Really Craving Some Baked "Zizi"
This person wanted to make sure everyone knew what they were "bring" to the pot luck so they posted this. Unfortunately, nobody knows what "baked zizi" is. Luckily for them, at least they won't be showing up with the same thing as anyone else.
You Gotta Talk Louder So The Milk Can Hear You
The milk has been a little hard of hearing ever since it was taken out of the cow. You know, the part of the animal with ears. So if you're around the milk you're going to have to speak up.
Someone Check On The Writer Who May Have Fallen Asleep On The Keyboard
This poor writer may have spontaneously fallen asleep over their keyboard because there is no other literal possible way that this could've happened and nobody noticed. At least, I'm hoping it's just sleep.

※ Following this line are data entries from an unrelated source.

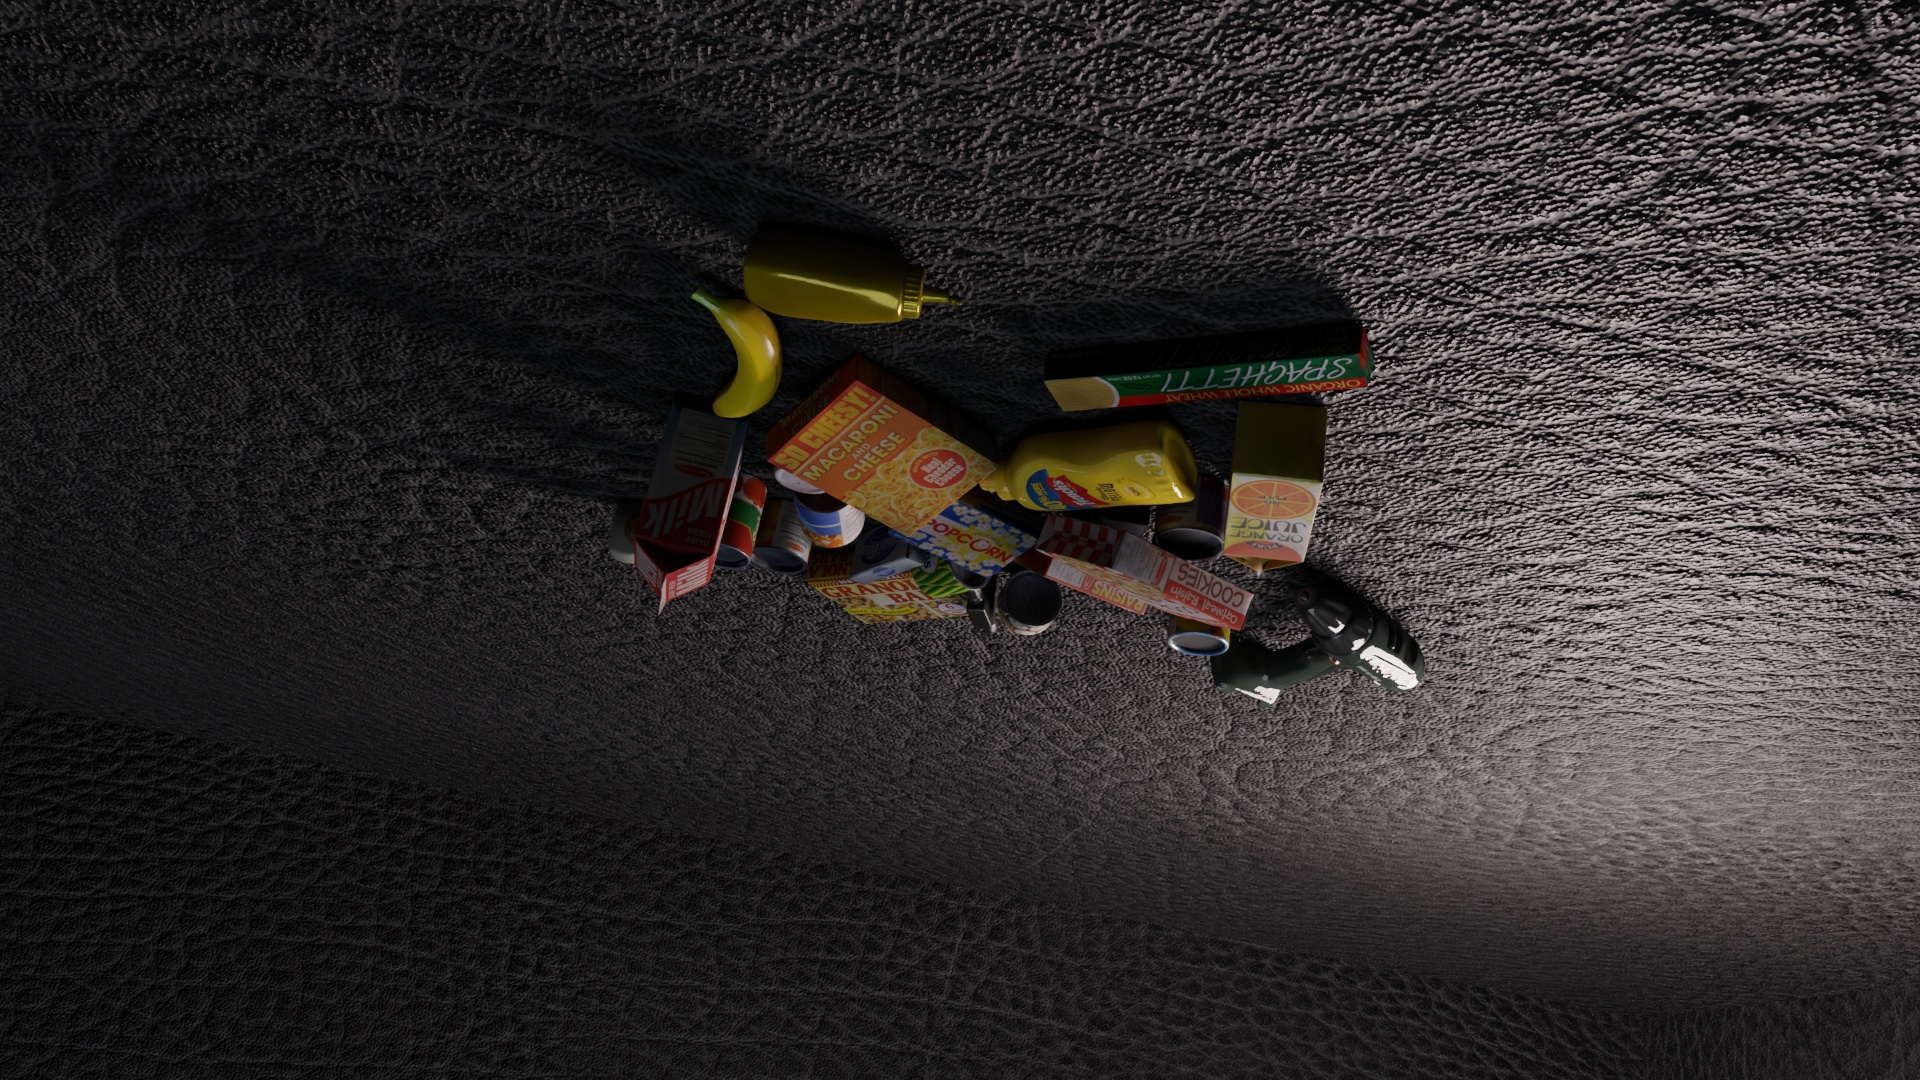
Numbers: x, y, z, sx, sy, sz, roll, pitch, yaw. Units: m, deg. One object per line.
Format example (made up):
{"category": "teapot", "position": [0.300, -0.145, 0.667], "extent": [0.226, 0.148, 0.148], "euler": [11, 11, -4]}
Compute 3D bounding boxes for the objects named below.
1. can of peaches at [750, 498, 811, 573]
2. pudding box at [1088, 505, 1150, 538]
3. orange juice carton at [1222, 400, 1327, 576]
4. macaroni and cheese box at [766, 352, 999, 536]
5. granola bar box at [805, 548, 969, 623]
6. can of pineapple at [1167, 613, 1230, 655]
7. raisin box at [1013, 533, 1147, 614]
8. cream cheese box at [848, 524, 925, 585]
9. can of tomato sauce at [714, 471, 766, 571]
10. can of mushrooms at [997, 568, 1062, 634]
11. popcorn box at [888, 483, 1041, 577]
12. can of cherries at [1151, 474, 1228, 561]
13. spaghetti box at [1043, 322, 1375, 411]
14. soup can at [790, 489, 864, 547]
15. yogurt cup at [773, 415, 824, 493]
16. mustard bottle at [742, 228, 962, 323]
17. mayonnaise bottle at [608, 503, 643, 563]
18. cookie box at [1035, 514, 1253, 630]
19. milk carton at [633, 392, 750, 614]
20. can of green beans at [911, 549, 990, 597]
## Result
{"category": "can of peaches", "position": [-0.190, -0.004, 1.459], "extent": [0.071, 0.058, 0.071], "euler": [8, 156, 4]}
{"category": "pudding box", "position": [0.151, -0.016, 1.339], "extent": [0.050, 0.030, 0.083], "euler": [9, 156, -1]}
{"category": "orange juice carton", "position": [0.267, -0.039, 1.195], "extent": [0.073, 0.072, 0.192], "euler": [6, 155, 10]}
{"category": "macaroni and cheese box", "position": [-0.068, -0.081, 1.223], "extent": [0.166, 0.040, 0.123], "euler": [29, 127, -35]}
{"category": "granola bar box", "position": [-0.070, 0.049, 1.551], "extent": [0.165, 0.039, 0.124], "euler": [-7, 151, 31]}
{"category": "can of pineapple", "position": [0.258, 0.085, 1.485], "extent": [0.071, 0.058, 0.070], "euler": [8, 155, 4]}
{"category": "raisin box", "position": [0.124, 0.030, 1.398], "extent": [0.123, 0.040, 0.086], "euler": [22, -178, -24]}
{"category": "cream cheese box", "position": [-0.075, 0.009, 1.450], "extent": [0.024, 0.053, 0.103], "euler": [25, 151, -33]}
{"category": "can of tomato sauce", "position": [-0.235, -0.021, 1.408], "extent": [0.071, 0.083, 0.071], "euler": [8, 155, 4]}
{"category": "can of mushrooms", "position": [0.072, 0.067, 1.503], "extent": [0.071, 0.071, 0.033], "euler": [13, 157, -7]}
{"category": "popcorn box", "position": [0.005, -0.017, 1.360], "extent": [0.126, 0.038, 0.085], "euler": [24, 139, -29]}
{"category": "can of cherries", "position": [0.212, -0.020, 1.272], "extent": [0.071, 0.058, 0.071], "euler": [7, 155, 4]}
{"category": "spaghetti box", "position": [0.188, -0.132, 1.074], "extent": [0.250, 0.029, 0.050], "euler": [-2, 154, 25]}
{"category": "soup can", "position": [-0.131, -0.040, 1.351], "extent": [0.071, 0.071, 0.083], "euler": [8, 156, 3]}
{"category": "yogurt cup", "position": [-0.140, -0.079, 1.283], "extent": [0.072, 0.054, 0.072], "euler": [8, 155, 4]}
{"category": "mustard bottle", "position": [-0.077, -0.190, 1.025], "extent": [0.160, 0.049, 0.065], "euler": [9, 156, 0]}
{"category": "mayonnaise bottle", "position": [-0.300, -0.004, 1.501], "extent": [0.148, 0.065, 0.041], "euler": [4, 157, 3]}
{"category": "cookie box", "position": [0.171, 0.031, 1.292], "extent": [0.167, 0.040, 0.123], "euler": [25, 175, -31]}
{"category": "milk carton", "position": [-0.248, -0.031, 1.262], "extent": [0.073, 0.191, 0.072], "euler": [14, 155, -7]}
{"category": "can of green beans", "position": [-0.009, 0.023, 1.440], "extent": [0.057, 0.071, 0.071], "euler": [-14, 146, 42]}

We're You're Not 'Til Not Happy
I guess I understand what this sign was going for, but it has confused me so much. Do they not want people to be happy? Did they design it in the dark?
Can You Imagine The Smell?
I can't believe that this woman really sat down and thought that just pouring out a box of litter onto a carpet and letting her cats pee there was a good idea.
No Pants, Still Service?
Most stores will have rules surrounding customers wearing shoes and shirts, but I thought that pants were kind of a no-brainer for necessary public wear. Apparently, I underestimated the citizens of America.

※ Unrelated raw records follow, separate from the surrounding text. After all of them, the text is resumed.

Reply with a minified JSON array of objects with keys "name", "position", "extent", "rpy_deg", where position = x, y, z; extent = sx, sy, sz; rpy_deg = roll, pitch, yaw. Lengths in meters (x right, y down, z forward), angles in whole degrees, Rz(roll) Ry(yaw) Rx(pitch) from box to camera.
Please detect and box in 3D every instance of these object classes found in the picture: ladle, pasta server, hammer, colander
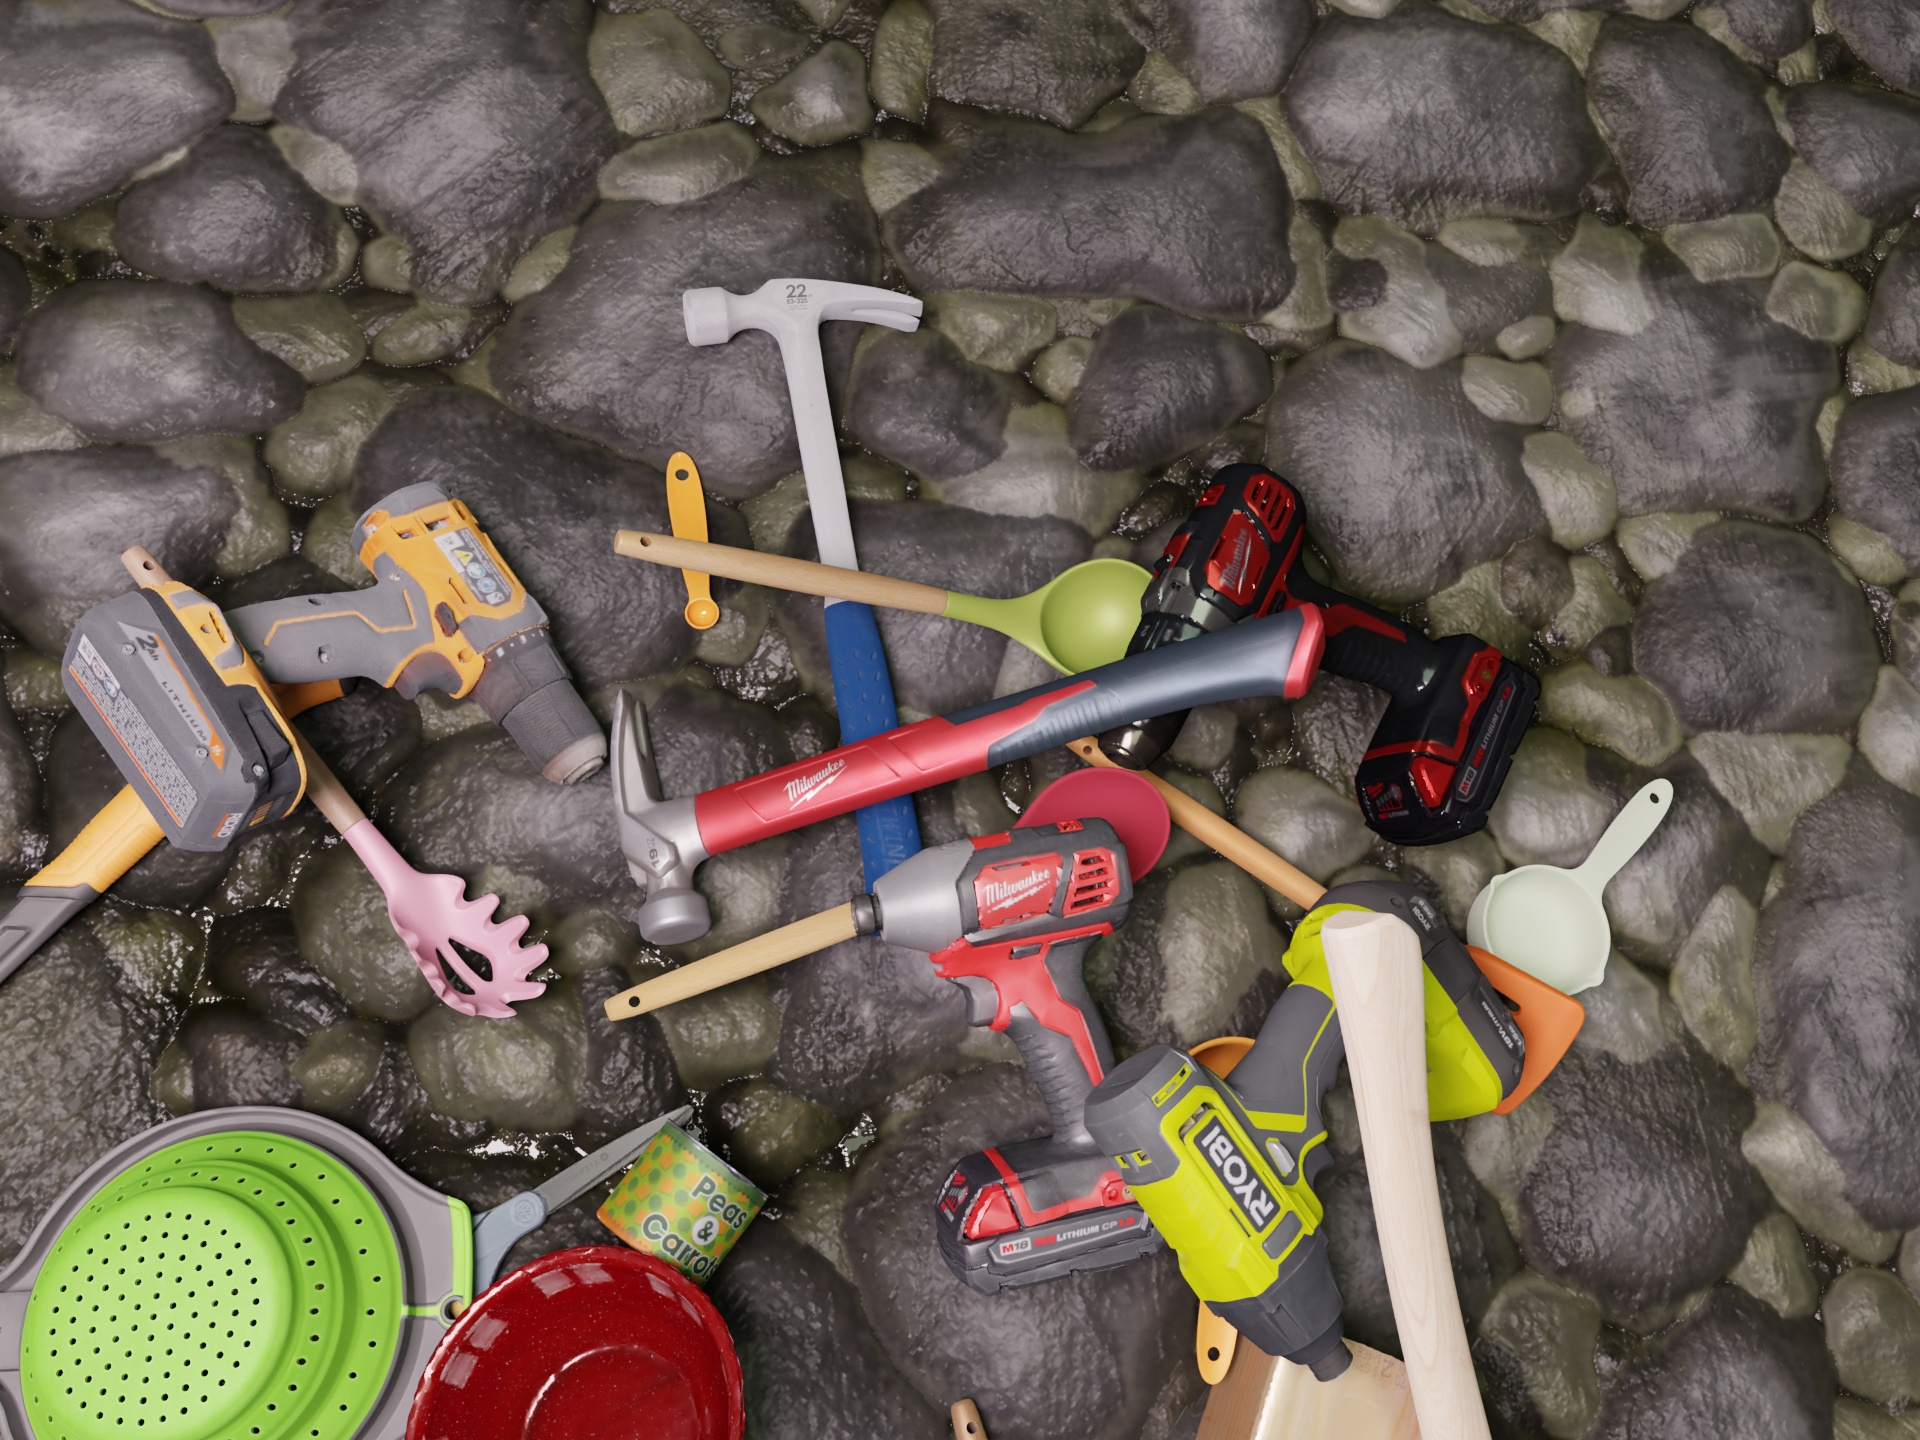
[{"name":"ladle","position":[-0.035,0.099,0.846],"extent":[0.315,0.031,0.069],"rpy_deg":[-19,81,-13]},{"name":"pasta server","position":[-0.332,0.031,0.833],"extent":[0.316,0.040,0.060],"rpy_deg":[51,47,-1]},{"name":"ladle","position":[-0.029,-0.074,0.880],"extent":[0.320,0.062,0.078],"rpy_deg":[9,70,-23]},{"name":"hammer","position":[-0.062,-0.078,0.929],"extent":[0.144,0.035,0.406],"rpy_deg":[-8,74,-10]},{"name":"hammer","position":[0.214,0.292,0.734],"extent":[0.146,0.038,0.410],"rpy_deg":[-16,96,-34]},{"name":"hammer","position":[-0.001,-0.003,0.841],"extent":[0.386,0.038,0.143],"rpy_deg":[-18,68,9]},{"name":"colander","position":[-0.435,0.278,0.727],"extent":[0.397,0.094,0.205],"rpy_deg":[-1,68,-5]},{"name":"hammer","position":[-0.457,0.067,0.831],"extent":[0.127,0.034,0.337],"rpy_deg":[41,72,4]}]

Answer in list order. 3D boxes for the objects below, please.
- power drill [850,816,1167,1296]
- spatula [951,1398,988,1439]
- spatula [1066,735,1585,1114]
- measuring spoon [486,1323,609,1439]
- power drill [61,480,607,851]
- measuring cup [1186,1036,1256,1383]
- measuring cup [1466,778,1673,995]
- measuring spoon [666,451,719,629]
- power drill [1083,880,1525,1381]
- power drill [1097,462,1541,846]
[{"name":"power drill","position":[0.026,0.166,0.812],"extent":[0.143,0.078,0.219],"rpy_deg":[-9,91,-12]},{"name":"spatula","position":[0.052,0.473,0.731],"extent":[0.082,0.044,0.318],"rpy_deg":[-8,58,-21]},{"name":"spatula","position":[0.195,0.099,0.906],"extent":[0.322,0.041,0.081],"rpy_deg":[34,108,6]},{"name":"measuring spoon","position":[-0.206,0.321,0.800],"extent":[0.128,0.021,0.042],"rpy_deg":[-33,83,-25]},{"name":"power drill","position":[-0.304,-0.015,0.817],"extent":[0.185,0.084,0.226],"rpy_deg":[53,42,3]},{"name":"measuring cup","position":[0.136,0.257,0.845],"extent":[0.095,0.052,0.174],"rpy_deg":[11,73,-6]},{"name":"measuring cup","position":[0.362,0.095,0.935],"extent":[0.083,0.038,0.167],"rpy_deg":[45,71,7]},{"name":"measuring spoon","position":[-0.159,-0.106,0.940],"extent":[0.021,0.011,0.117],"rpy_deg":[-8,71,-10]},{"name":"power drill","position":[0.182,0.197,0.795],"extent":[0.223,0.080,0.171],"rpy_deg":[-36,90,-36]},{"name":"power drill","position":[0.195,-0.014,0.895],"extent":[0.226,0.080,0.188],"rpy_deg":[33,72,-12]}]

This Is Straight Out Of A Nightmare
Picture this: you come home after a long day of work, kick off your shoes, and sit down on the couch to unwind only to see this gecko climb out of this toy spider. You don't even own a gecko.
What Should I Do With All The Mice?
McDonald's knew exactly what they were doing when they designed this banner. I have no doubt in my mind that there are cages full of mice in the backroom next to the broken ice cream machine.
HOW?
This is a stack of 27 contact lenses that were removed from a woman's eye by doctors. I don't even know how someone accidentally puts on 27 contacts without remembering to take any off.
Is This Woman Okay?
I've heard my fair share of conspiracy theories over the course of my life—some fairly reasonable and some extremely bizarre—but this has to be the most chaotic one I've seen.
I'm Just Trying To Buy A T-Shirt
I'm not going to lie: I go into Old Navy fully prepared to see some interesting characters, but i would never expect to see a woman changing her baby's diaper on a clothing display.
SRIATS
I'm going to say it: whoever designed this is either an absolute idiot, the worst graphic designer alive, or both. They're lucky that people can read backwards (or at least recognize a staircase).
He Played Himself
As a general rule of thumb, I would recommend not teaching others how to break into houses for ethical reasons. However, I do think there's a poetic justice to this.